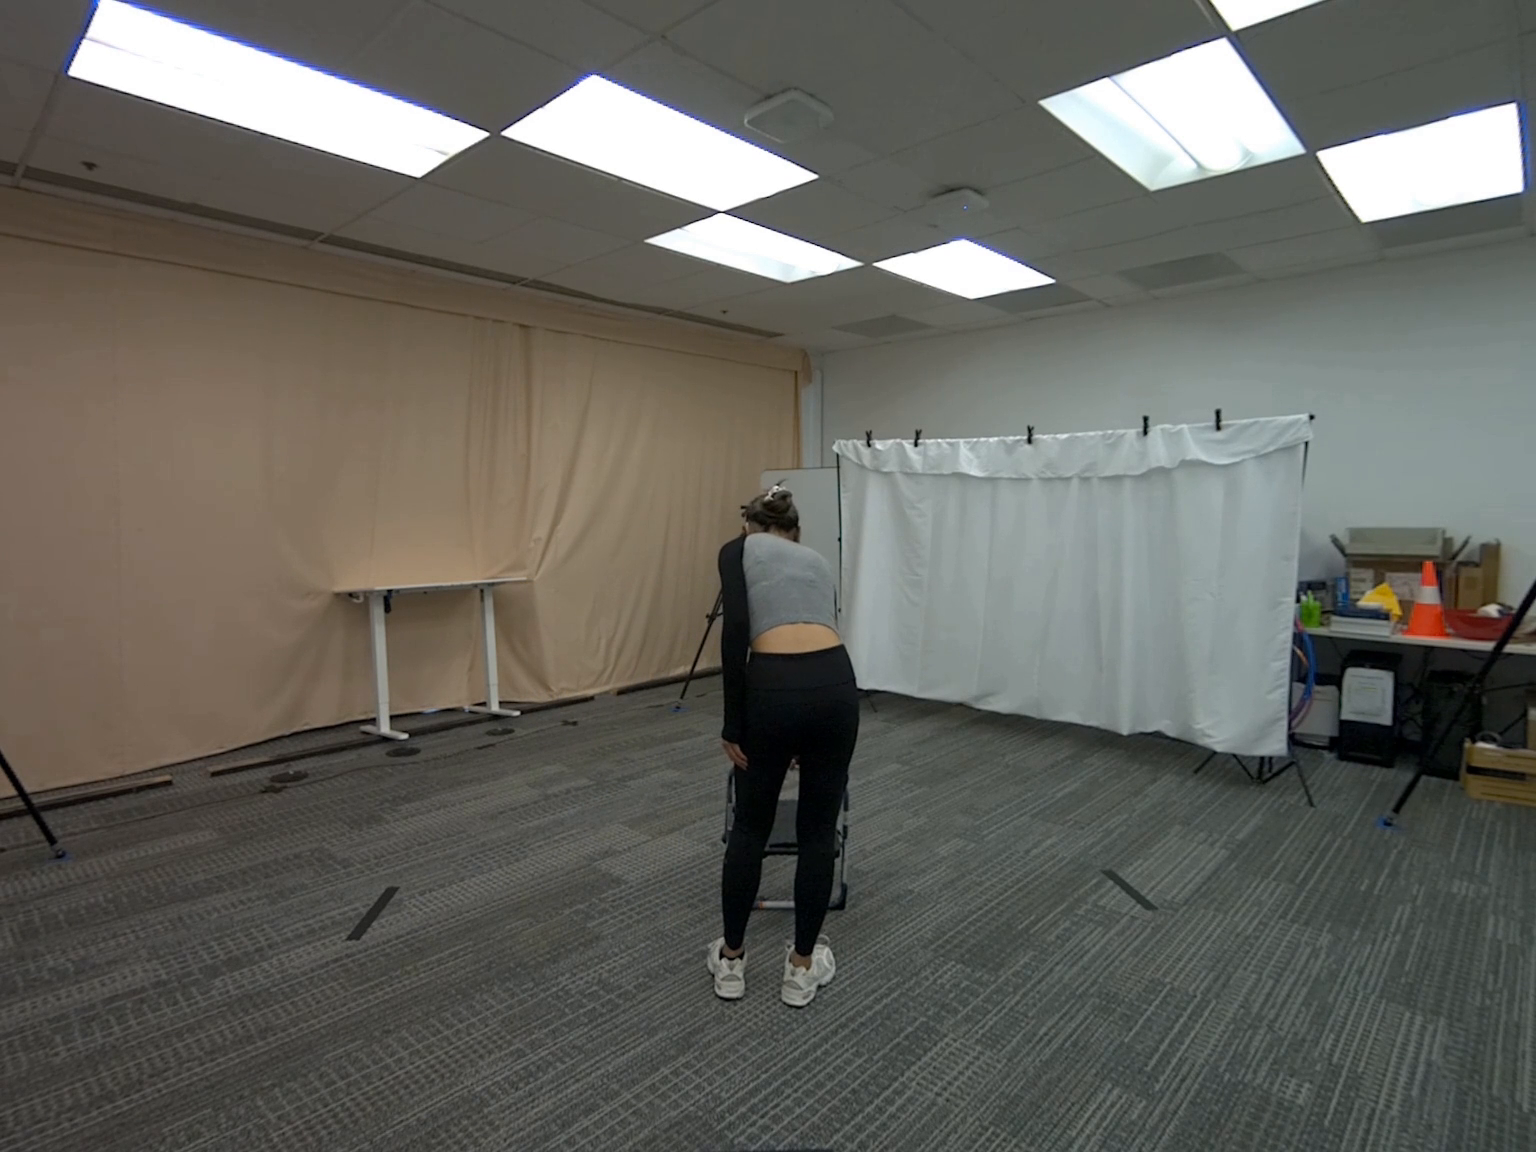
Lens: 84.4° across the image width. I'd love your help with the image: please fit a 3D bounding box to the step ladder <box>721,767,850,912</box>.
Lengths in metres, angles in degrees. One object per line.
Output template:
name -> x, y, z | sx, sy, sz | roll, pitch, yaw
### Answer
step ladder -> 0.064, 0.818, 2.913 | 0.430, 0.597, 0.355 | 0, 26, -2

================

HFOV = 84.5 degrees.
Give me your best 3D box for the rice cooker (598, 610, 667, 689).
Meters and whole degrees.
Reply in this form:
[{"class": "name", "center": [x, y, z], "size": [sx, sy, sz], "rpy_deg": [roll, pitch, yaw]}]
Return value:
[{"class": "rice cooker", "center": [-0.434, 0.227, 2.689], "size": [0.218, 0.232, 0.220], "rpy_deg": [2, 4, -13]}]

================

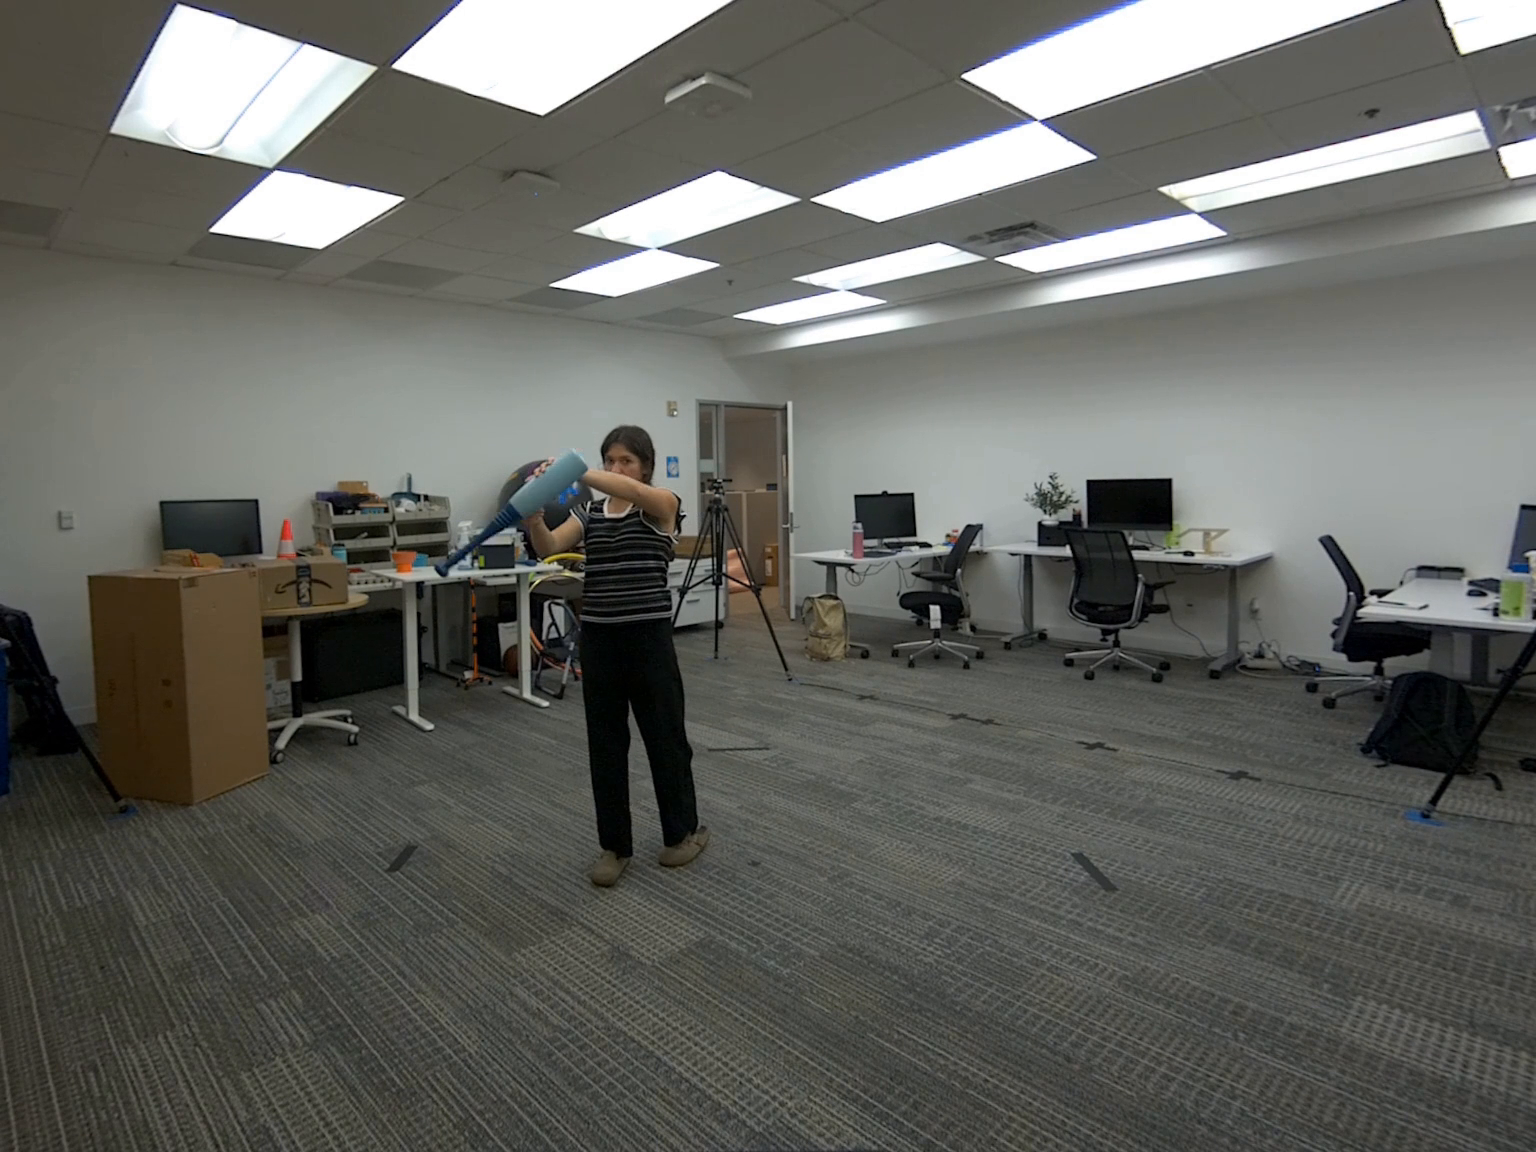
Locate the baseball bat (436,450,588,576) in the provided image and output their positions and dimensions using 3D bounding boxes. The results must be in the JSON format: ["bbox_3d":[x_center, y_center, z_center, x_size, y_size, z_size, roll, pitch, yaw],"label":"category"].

================

Nothing but a number should be given: the count of lines in the records that contain the word "roll".

3